La Symphonie no 7 en la majeur, op. 92, de Beethoven fut qualifiée par Richard Wagner de véritable “apothéose de la danse”, soulignant ainsi la prédominance du rythme et de l’élan corporel dans l’architecture même de l’œuvre.
André Boucourechliev
Des neuf symphonies composées par Ludwig van Beethoven entre 1799 et 1824, la Symphonie no 7 en la majeur, op. 92, est, sans conteste, celle qui se prête de la manière la plus évidente à la danse. Ne serait-ce que parce que le rythme l’emporte souvent sur la mélodie. Et comme une mise en abyme, ce spectacle débute avec une séquence de musique électronique intitulée Freiheit/Extasis, composée par Diego Noguera, et dansée par la compagnie Sasha Waltz & Guests. « Liberté » et « extase » évoquant le contexte dans lequel fut créée la Septième, autant que le projet de la chorégraphe, dans cette œuvre qui met en tension le rapport entre les libertés individuelles et les contraintes sociales.

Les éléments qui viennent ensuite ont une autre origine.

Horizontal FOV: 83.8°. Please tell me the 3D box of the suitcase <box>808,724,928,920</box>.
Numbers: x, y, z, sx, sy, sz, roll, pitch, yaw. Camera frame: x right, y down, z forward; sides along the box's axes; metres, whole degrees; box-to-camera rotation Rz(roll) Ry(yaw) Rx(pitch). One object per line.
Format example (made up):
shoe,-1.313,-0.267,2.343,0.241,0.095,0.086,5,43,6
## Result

C’est à la fin de sa vie, en effet, lorsqu’il perd l’ouïe, que Ludwig van Beethoven crée la Symphonie no 7. Le compositeur entretient alors un dialogue avec l’inventeur du métronome, Johann Nepomuk Maelzel. Et la question du rythme est désormais au cœur de son œuvre, alors qu’il est le témoin impuissant de l’échec de la Révolution française et d’un retour imposé aux anciennes traditions. Tandis que le besoin de transformation sociale se heurte à l’ère des Restaurations européennes, les libertés se restreignent peu à peu et les perspectives s’amenuisent.
Ces idéaux révolutionnaires, qui forgent les expériences politiques, philosophiques et esthétiques du xixe siècle, gardent une ombre portée sur l’histoire du temps présent et la chorégraphe s’en est saisie dès l’été 2021, à Delphes, alors qu’elle réglait une chorégraphie sur deux des quatre mouvements de la Septième, dans le cadre d’un projet artistique européen pour la chaîne de télévision Arte : Mit Beethoven durch Europa – « Avec Beethoven à travers l’Europe ». Elle avait alors travaillé en étroite collaboration avec le chef d’orchestre Teodor Currentzis et décida, à son retour, d’achever sa chorégraphie sur l’œuvre entière.
Conçu pour quatorze danseurs, Beethoven 7 créé à Berlin en 2023, donne à lire la partition du maître de la symphonie par le mouvement : musique et danse s’articulent et s’imbriquent comme rarement, et se conjuguent parfaitement dans les deux parties d’un spectacle qui, encore et encore, attire l’attention des spectateurs sur l’enjeu des libertés, à commencer par la liberté d’expression.